Is 'data' singular or plural?

 Karin Ciano, The Daily Record Newswire

In case you missed it, the Civil Law Committee of the Minnesota House of Representatives recently weighed in on the ongoing controversy about whether the word data is singular or plural. Rep. John Lesch, DFL-St. Paul, proposed amending a bill to change “data are” to “data is.”  The Star Tribune reported that the amendment passed unanimously.

What gives?

The word data is evolving. In Modern American Usage, Bryan Garner describes data as a “skunked term” — a word undergoing change, prompting one group of people (grammar nerds) to insist on the traditional usage, while a second group (everyone else) embraces the new usage. We skunk a word by using it incorrectly — sometimes by deliberately experimenting, but more often when we misunderstand how to use the word properly and don’t have time to check. Enough of us mess it up and the word begins to take on a second meaning.

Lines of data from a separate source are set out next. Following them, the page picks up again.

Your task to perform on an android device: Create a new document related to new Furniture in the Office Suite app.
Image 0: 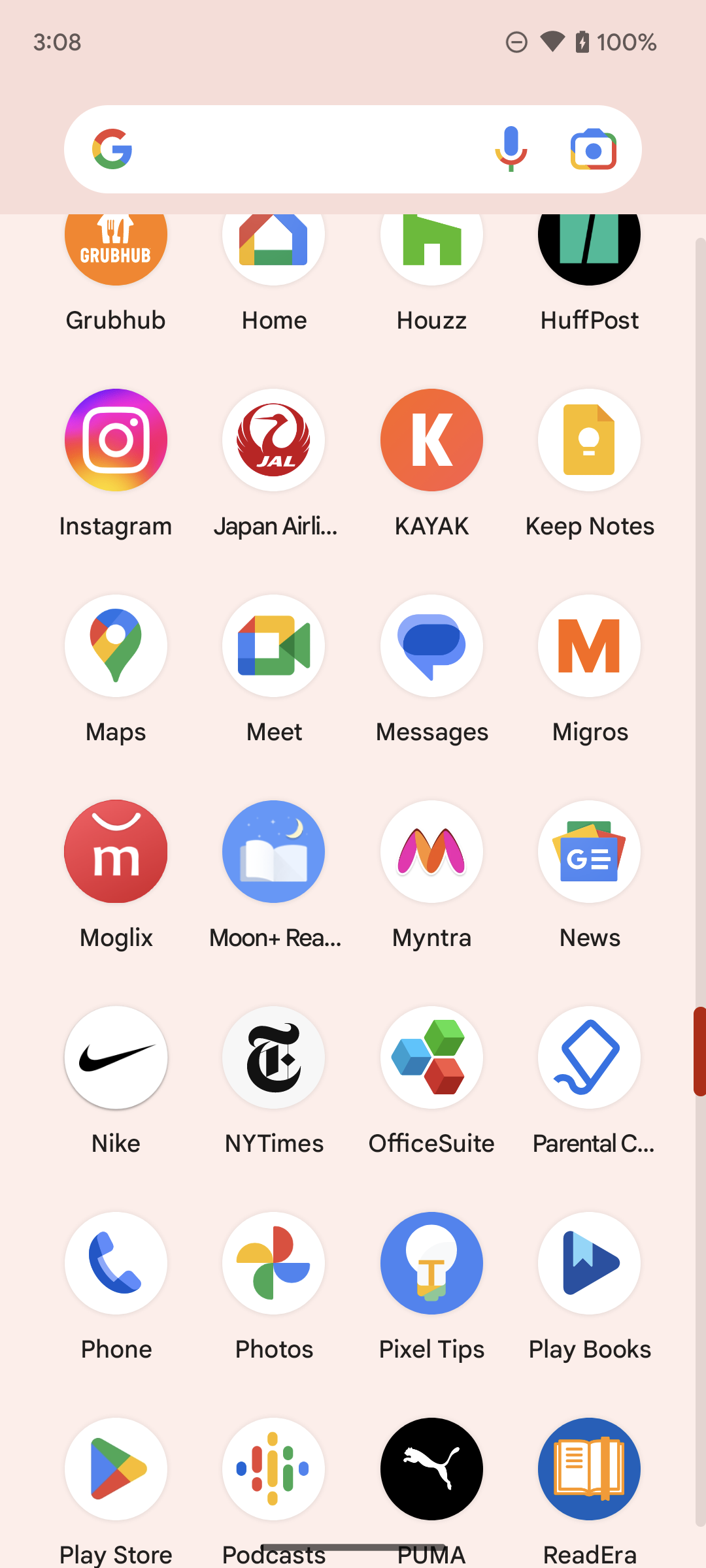
Open office Suite app.
Step 0: open app "OfficeSuite"
Image 1: 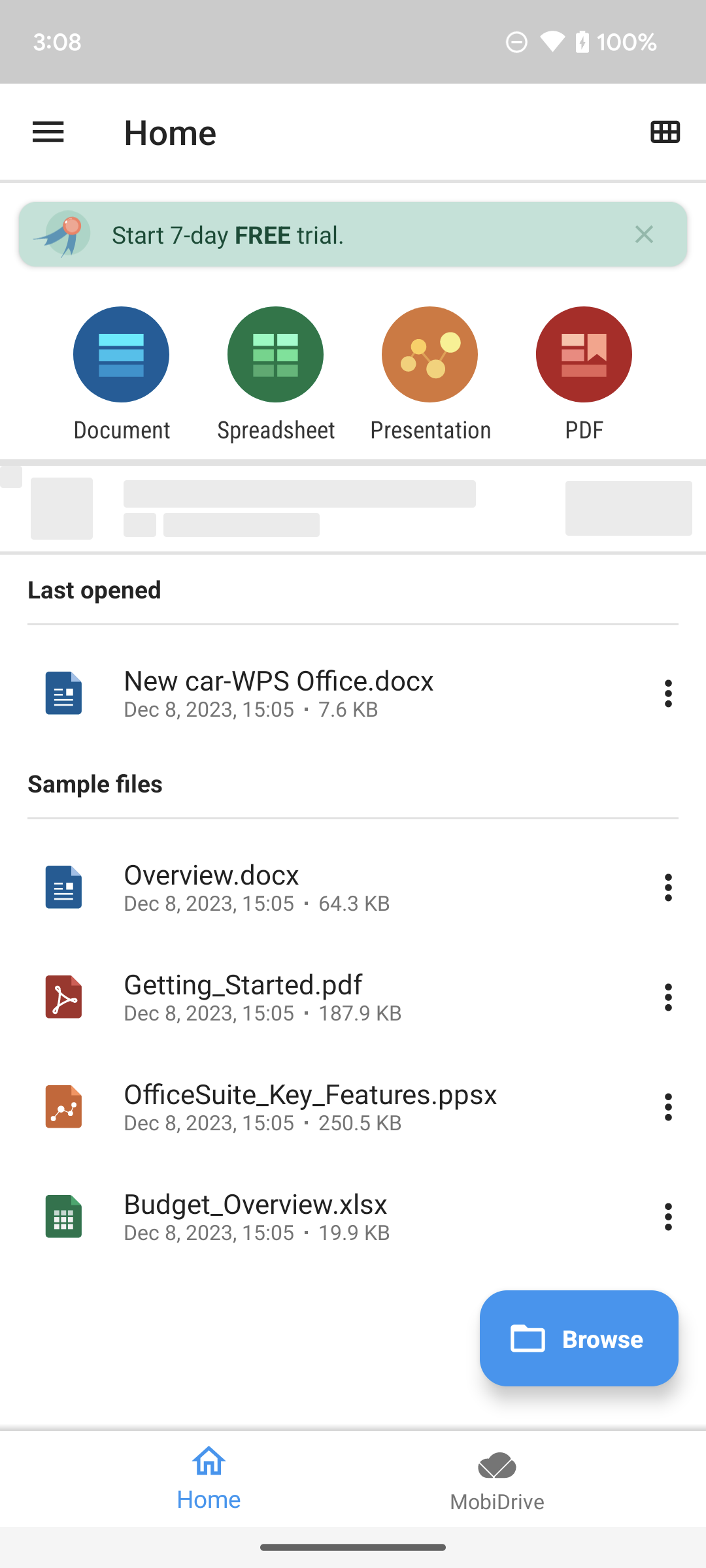
Click on the three lines on the screen.
Step 1: click (48, 131)
Image 2: 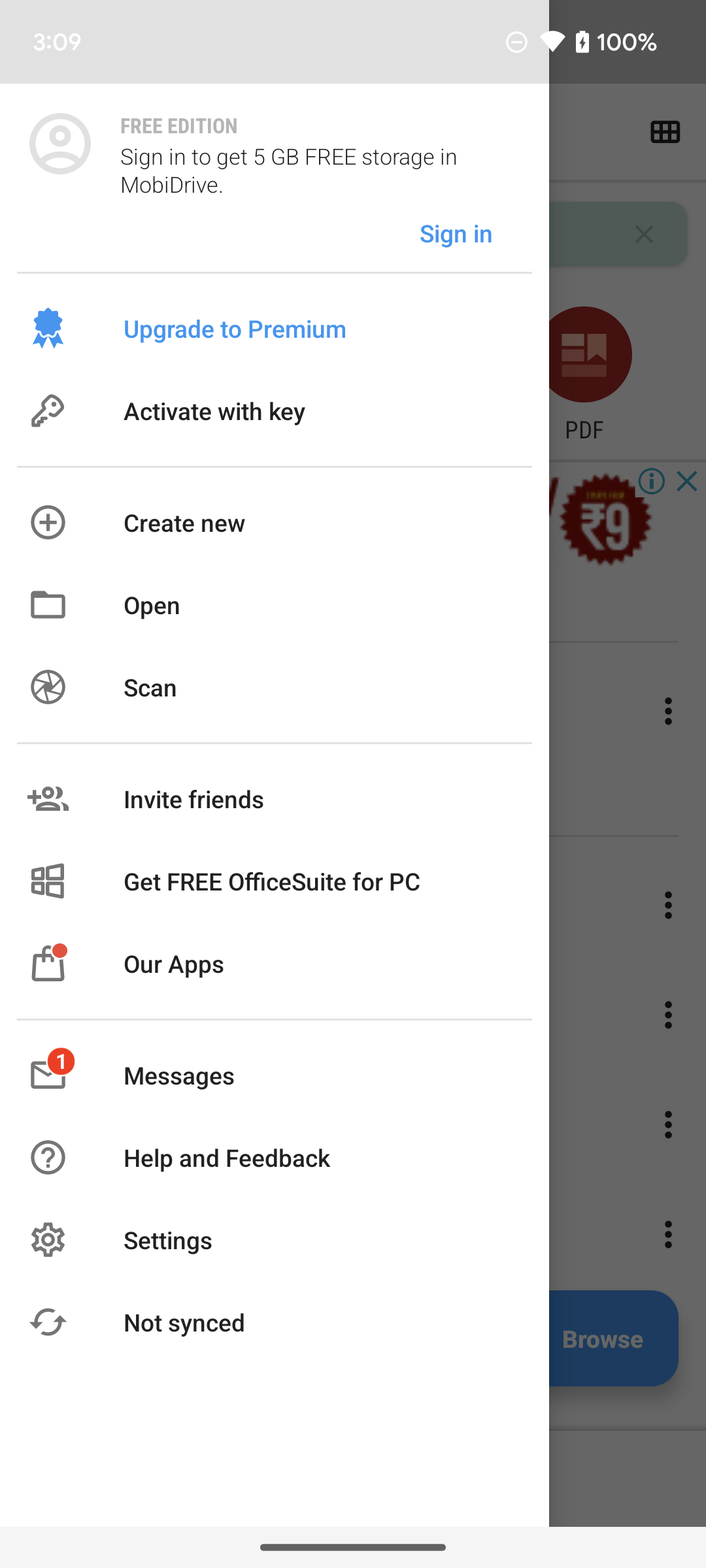
Click on the create new option on the screen.
Step 2: click (316, 522)
Image 3: 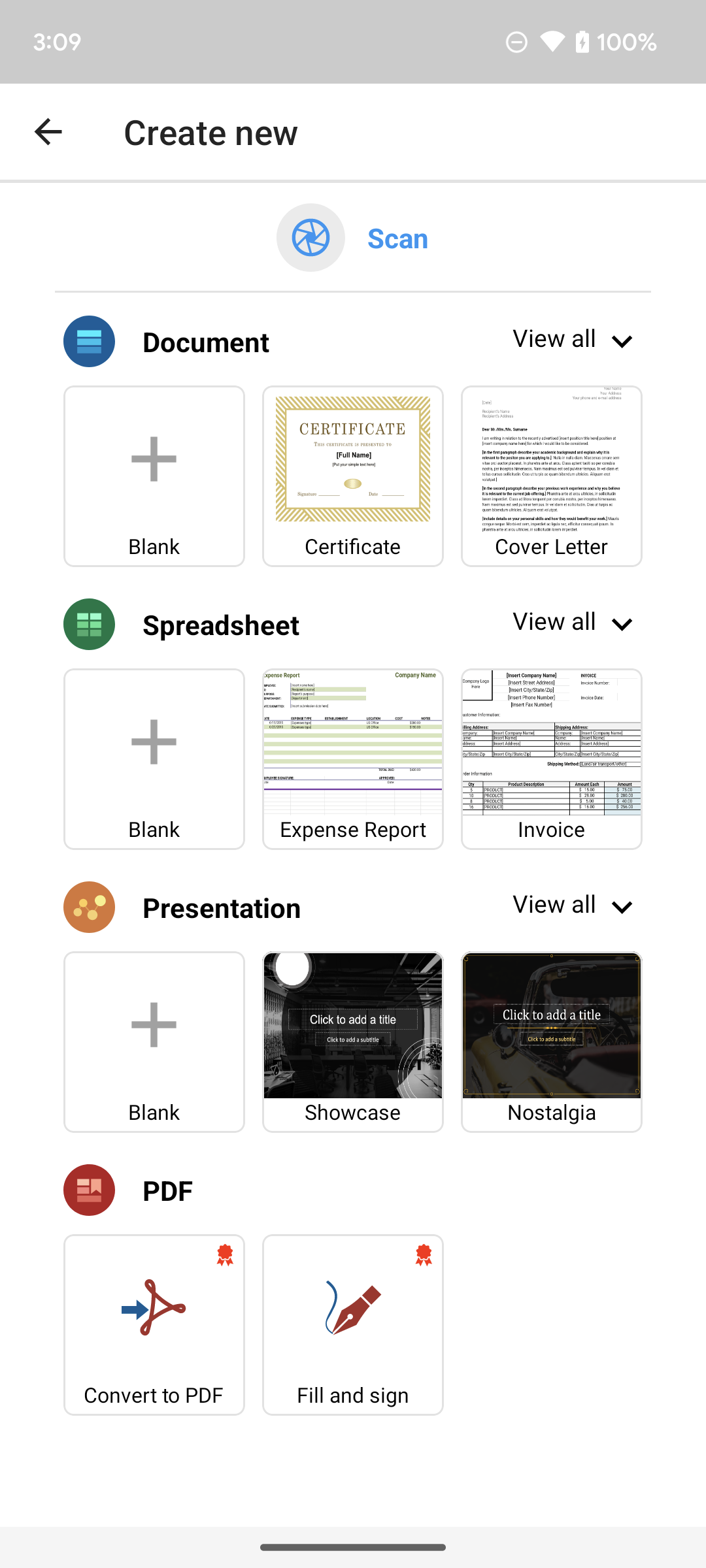
Click on the Blank option on the screen.
Step 3: click (154, 476)
Image 4: 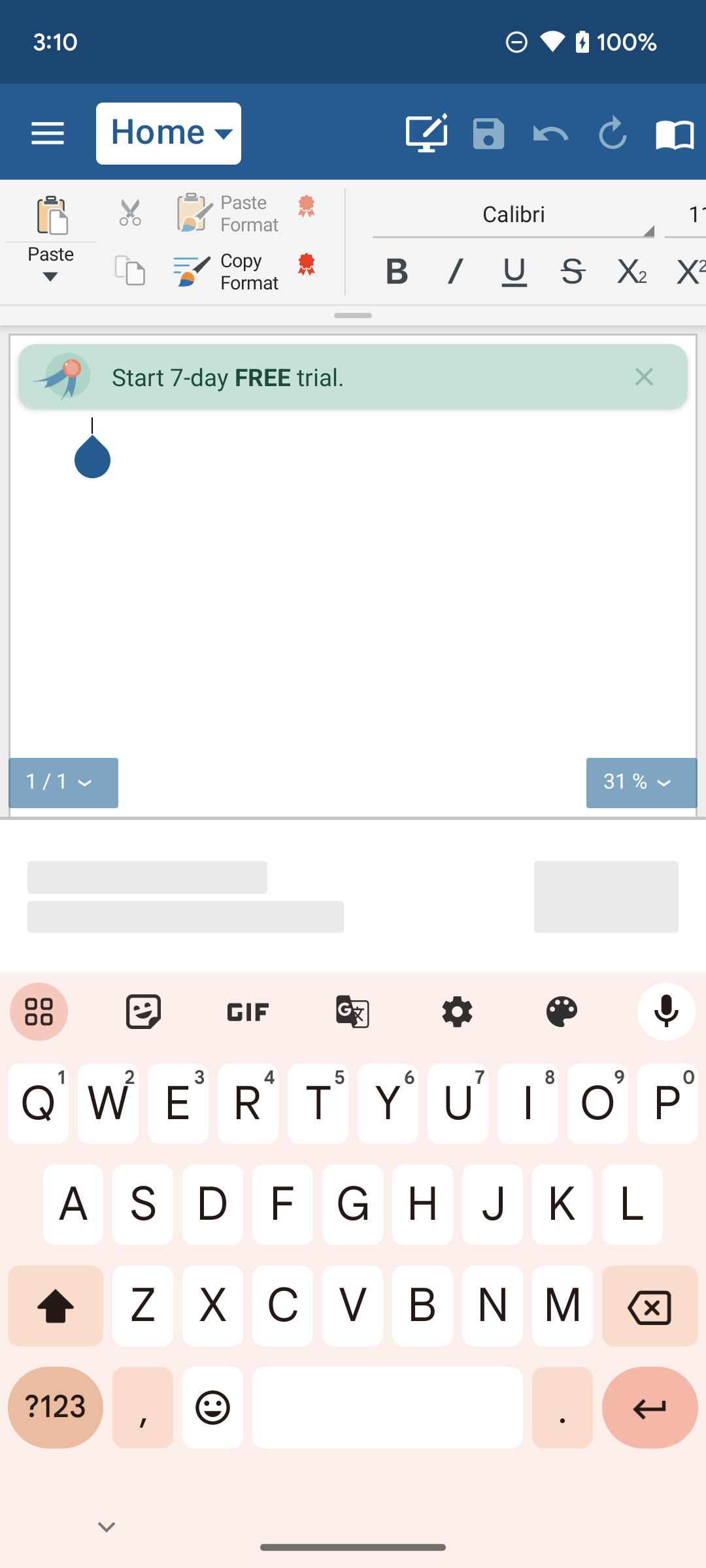
Type new furniture in the screen.
Step 4: wait
Image 5: 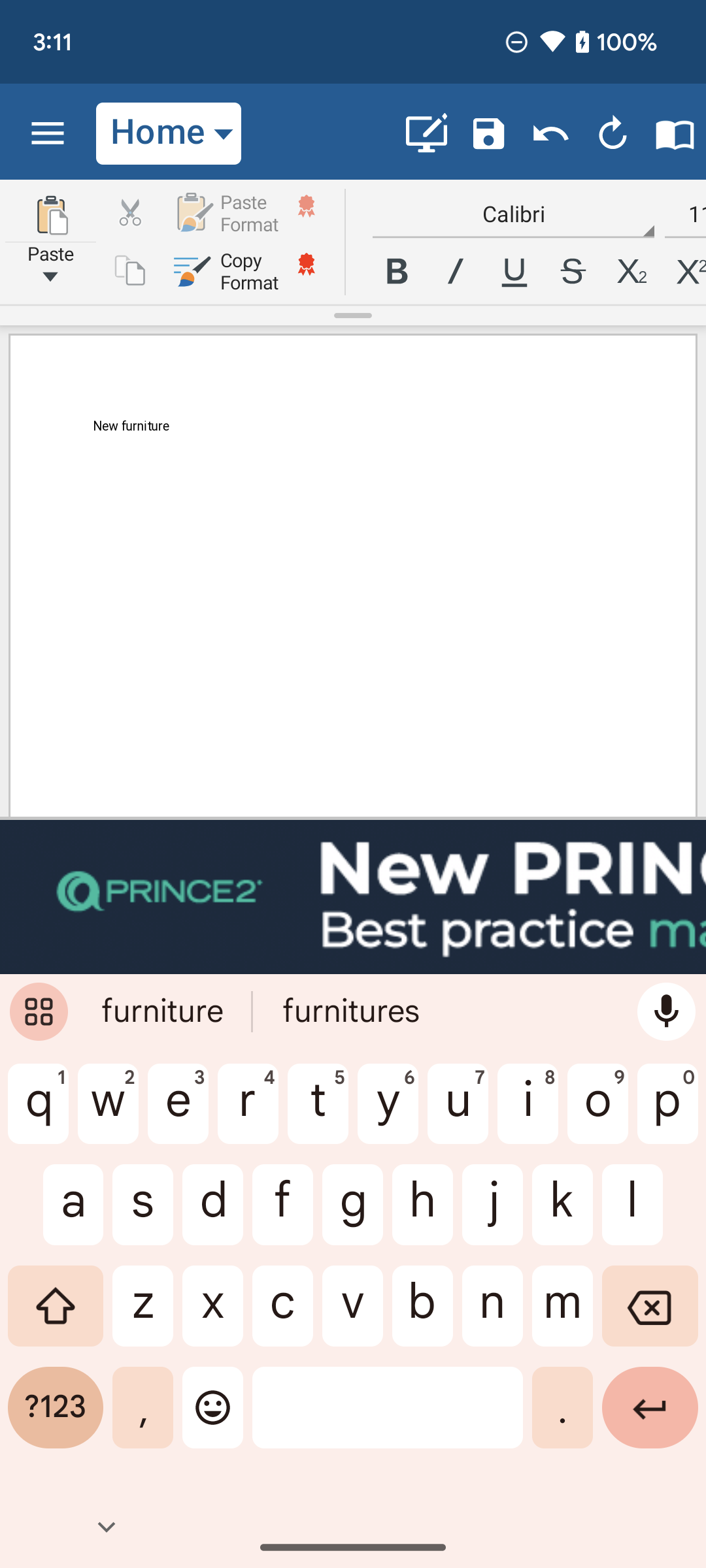
Click on the save option on the screen.
Step 5: click (483, 133)
Image 6: 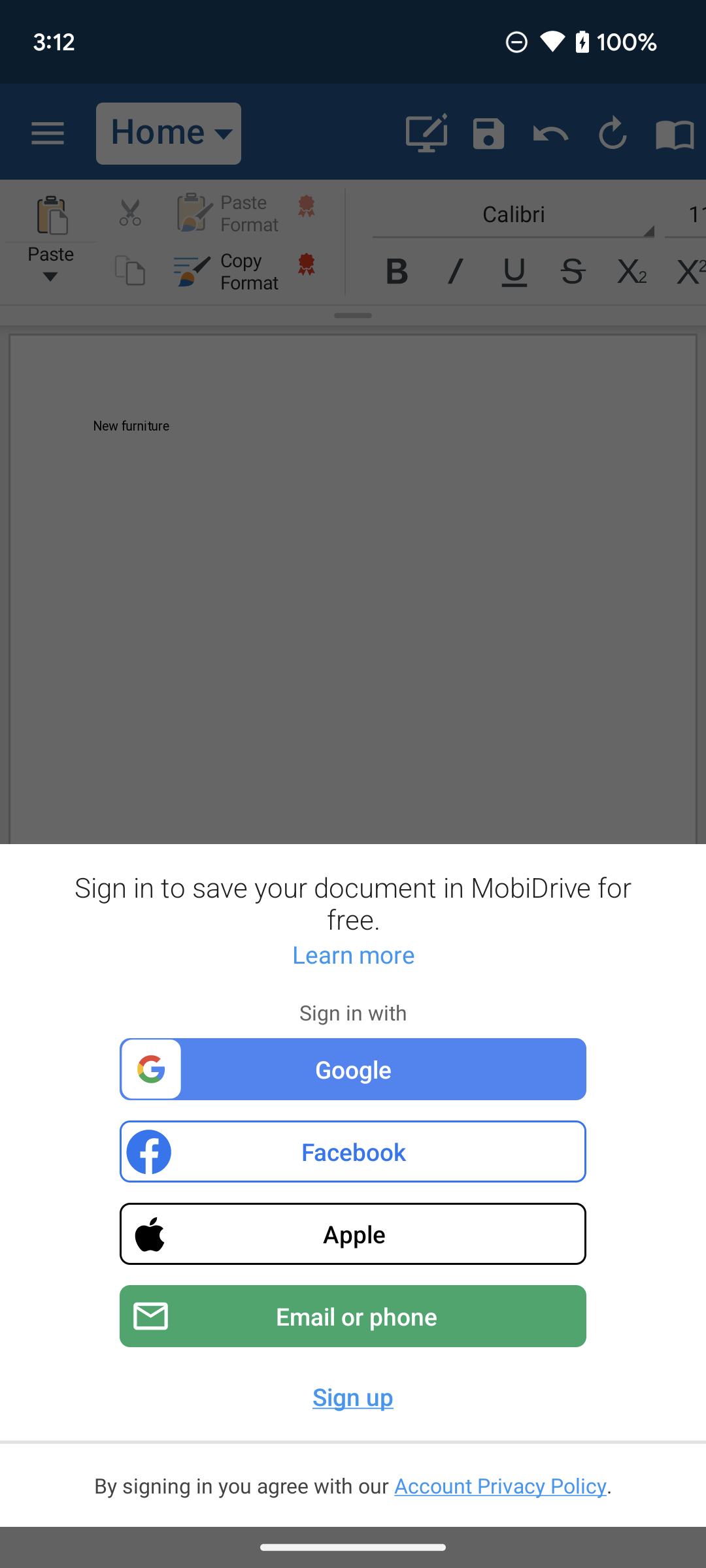
Click on the save option on the screen.
Step 6: wait
Image 7: 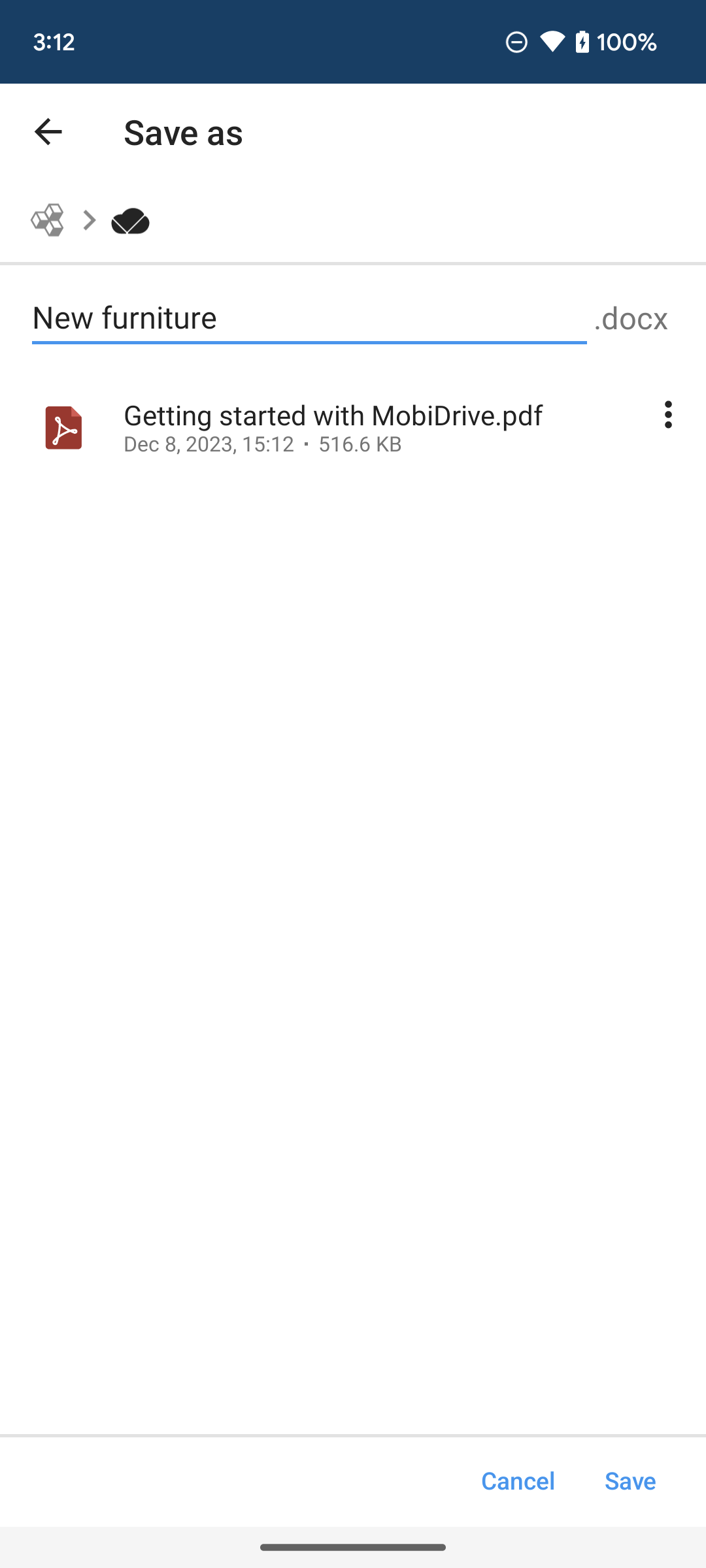
Click on the save button on the screen.
Step 7: click (630, 1480)

Let’s begin our analysis of data with some basic reminders. First, we care about whether a noun is singular or plural (also known as the noun’s “number”) because that choice determines whether the noun takes a verb that’s singular (“is”) or plural (“are”). Singular goes with singular, and plural with plural — also known as “subject-verb agreement.” Subject-verb agreement is one of English grammar’s real rules: When it’s broken, readers can tell.

Now you’ll recall English typically makes a singular noun plural by adding the letter “s” to the end, a distinction that’s easy to spot.  But we know there are also irregular nouns that turn plural without using an “s”, and these include a diverse family of nouns that migrated over from Latin, where a plural was indicated by “a”.  The word data is one of these (see also media, candelabra, et cetera*).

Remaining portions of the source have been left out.